One of the things I enjoy most in media are those little moments where a film or book or whatever manages to surprise you by twisting genre conventions. It feels like an intimate moment between you and the creator, an in-joke that only makes sense because you’ve both seen this trope hundreds of times before in your favorite movies. All of Axiom Verge feels like that.

The power-ups end up being clever and interesting takes on all of these genre conventions. The most traditional methods of movement, the core of any puzzle platformer, are either twisted, like the morphball, or removed entirely as unnecessary, like the double jump. Getting higher in Axiom Verge can involve mixing and chaining all of your various movement abilities, your high jump into your teleport into your grappling hook into another teleport (which just came off cooldown), all to get into position to fire your drone up to a ledge you couldn’t possibly get to otherwise. Movement can sometimes be awkward; each ability has its own separate control scheme and they needed to cram everything onto a controller, resulting in questionable decisions like putting your teleport on a double-tap of the control stick. But the end result is that even simple puzzles feel like they have multiple solutions, and you develop your own style of jumping and weaving abilities throughout the game that I haven’t seen in any other platformer.

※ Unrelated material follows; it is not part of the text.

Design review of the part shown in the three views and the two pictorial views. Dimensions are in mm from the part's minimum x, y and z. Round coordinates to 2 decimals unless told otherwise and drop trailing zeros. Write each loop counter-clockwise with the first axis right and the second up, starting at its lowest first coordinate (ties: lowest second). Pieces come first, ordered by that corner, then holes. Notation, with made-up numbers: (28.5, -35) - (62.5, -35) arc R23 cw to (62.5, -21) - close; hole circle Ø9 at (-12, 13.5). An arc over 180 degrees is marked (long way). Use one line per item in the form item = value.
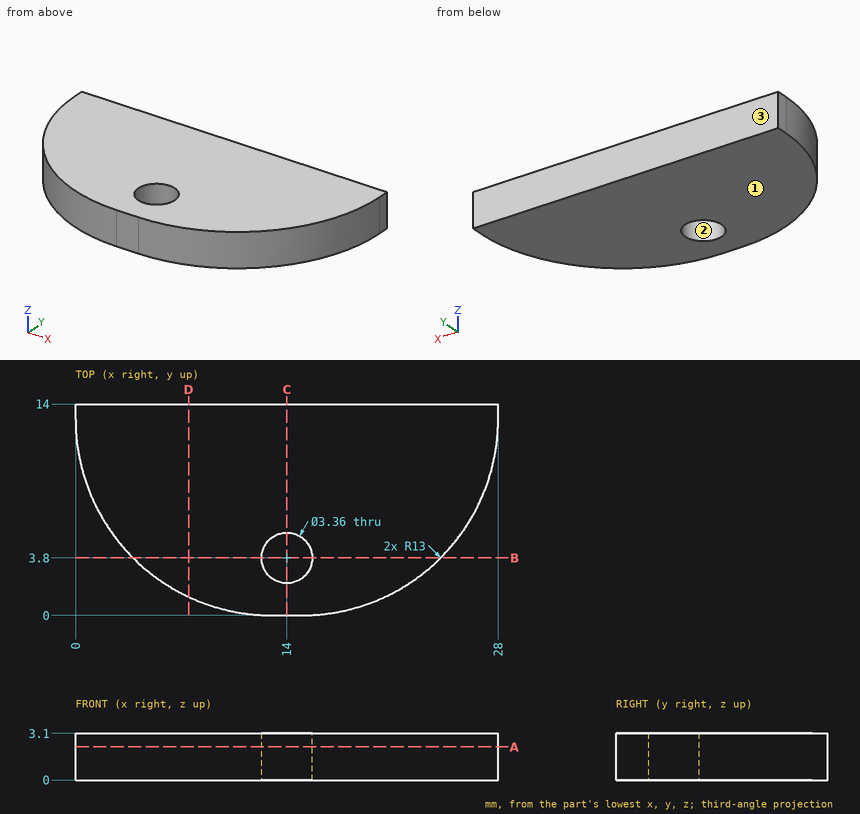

I have other thoughts on it, like how the game is perfectly content to let you find your way through it, subtly pushing you towards your goals without putting an annoying marker on your map, but Mark Brown actually has a really good video about that, so check that out if you want to hear more about it: https://www.youtube.com/watch?v=ZGWHxQ2WcBE There are some points towards the end where you have the whole map available and no clear idea of where to go, where better signposting would absolutely have helped things out, but overall I really like how the game is willing to let you set your own pace and sort of just roll into objectives as you get to them.

All in all, Axiom Verge is a fantastic game that feels like one of your favorite genre directors making a passion project movie, and I’m really happy to see so many loving and interesting new touches even in genres that feel so well-trodden.